Let me stop mid-blog for a moment and say that as a big reader myself, I am exceedingly careful not to give away the ending of a good book lest I ruin it for future readers. With that said, consider this a spoiler alert: I’m about to tell you what happens in the end of the book because a) it will only spoil the handful of minutes it would take you to get through its 32 pages, and b) it so perfectly captures what I’ve always believed is a fundamentally important lesson in discipline for parents or caregivers.
In the beginning of the book, Time-Out for Sophie paints a picture of a misbehaving bunny who repeatedly gets put into time-out by her understandably frustrated parents, only to return to her button-pushing behavior. I don’t think there’s a parent out there who hasn’t experienced challenging behaviors like Sophie’s, nor a parent/caregiver who hasn’t employed the same disciplinary approach with limited effect. The book ends, however, with a granny bunny who is clearly wise beyond her years. When Sophie’s limit-testing behavior ensues yet again while granny is reading a book to her, granny chooses a novel approach. She decides to give herself a time-out. And guess what happens?
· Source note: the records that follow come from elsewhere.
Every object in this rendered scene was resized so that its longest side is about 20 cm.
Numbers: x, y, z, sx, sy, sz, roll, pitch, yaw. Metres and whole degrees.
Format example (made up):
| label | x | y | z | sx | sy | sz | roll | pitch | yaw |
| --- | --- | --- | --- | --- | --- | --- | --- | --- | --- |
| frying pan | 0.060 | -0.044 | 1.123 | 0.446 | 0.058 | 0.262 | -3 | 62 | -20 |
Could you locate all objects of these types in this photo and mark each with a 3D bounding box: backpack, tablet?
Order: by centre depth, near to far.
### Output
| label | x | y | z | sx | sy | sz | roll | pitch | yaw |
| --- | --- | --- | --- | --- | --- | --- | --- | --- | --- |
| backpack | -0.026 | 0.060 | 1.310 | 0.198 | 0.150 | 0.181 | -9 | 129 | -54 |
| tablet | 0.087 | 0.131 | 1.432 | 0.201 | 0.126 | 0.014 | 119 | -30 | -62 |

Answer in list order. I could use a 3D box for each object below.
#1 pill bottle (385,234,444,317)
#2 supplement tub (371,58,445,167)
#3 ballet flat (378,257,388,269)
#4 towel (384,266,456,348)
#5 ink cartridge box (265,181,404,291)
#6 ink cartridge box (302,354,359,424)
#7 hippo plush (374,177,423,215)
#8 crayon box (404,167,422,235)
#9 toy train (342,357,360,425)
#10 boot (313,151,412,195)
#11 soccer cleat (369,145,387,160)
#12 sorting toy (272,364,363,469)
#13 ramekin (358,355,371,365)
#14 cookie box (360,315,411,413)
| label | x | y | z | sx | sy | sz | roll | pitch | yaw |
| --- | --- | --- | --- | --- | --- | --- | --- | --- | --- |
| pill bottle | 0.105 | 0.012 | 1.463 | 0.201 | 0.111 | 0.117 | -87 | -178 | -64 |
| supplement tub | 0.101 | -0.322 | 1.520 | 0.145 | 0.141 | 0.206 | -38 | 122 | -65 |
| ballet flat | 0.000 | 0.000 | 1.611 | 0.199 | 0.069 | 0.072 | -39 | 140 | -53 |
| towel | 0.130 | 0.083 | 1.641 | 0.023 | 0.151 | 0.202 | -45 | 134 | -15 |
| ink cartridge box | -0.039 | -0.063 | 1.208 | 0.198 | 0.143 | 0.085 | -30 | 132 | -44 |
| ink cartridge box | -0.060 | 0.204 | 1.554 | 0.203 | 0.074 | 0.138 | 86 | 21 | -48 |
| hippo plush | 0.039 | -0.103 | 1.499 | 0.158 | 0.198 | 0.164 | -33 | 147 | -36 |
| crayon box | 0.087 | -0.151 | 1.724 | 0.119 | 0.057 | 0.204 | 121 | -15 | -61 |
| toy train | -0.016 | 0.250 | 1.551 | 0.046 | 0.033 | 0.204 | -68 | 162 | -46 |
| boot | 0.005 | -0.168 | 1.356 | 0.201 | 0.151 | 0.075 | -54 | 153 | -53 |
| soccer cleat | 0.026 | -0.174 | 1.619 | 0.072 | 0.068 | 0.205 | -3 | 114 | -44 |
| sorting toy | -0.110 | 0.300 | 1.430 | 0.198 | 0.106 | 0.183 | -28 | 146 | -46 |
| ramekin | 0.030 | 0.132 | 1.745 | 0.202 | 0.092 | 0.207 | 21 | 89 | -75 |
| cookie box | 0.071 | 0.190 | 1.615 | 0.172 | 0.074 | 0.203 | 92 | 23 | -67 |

Sophie stops what she’s doing and all but begs for granny to take herself out of time-out and continue reading. It is so simple, and in my experience, highly effective. Go granny!
So what’s the moral of the Sophie story? The answer isn’t actually as short as it may seem, because this book manages to dive layers deep into the importance of early childhood development and positive parenting – illustrating how much more effective it is when adults apply a good understanding of predictable early childhood behaviors and then help young children learn to want to spend time–in rather than assign them time-out. These skills may not seem like rocket science, but they are, in fact, consistent with brain science. How we interact with young children has everything to do with how their brains develop. The social, emotional and cognitive milestones of early childhood are both important and clearly defined, as are the developmental milestones of early literacy. And the importance of a caring, responsive adult and the development of executive function skills in preschoolers should not be underestimated, as they are central to our children’s healthy growth and development. It was for these reasons that I was left thinking about my conviction that young children would be better off if we, as parents, not only made time to read aloud to them each and every day, but if we also strove to possess the insight and patience of Sophie’s granny….and Max and Ruby’s mom, Rosemary Wells.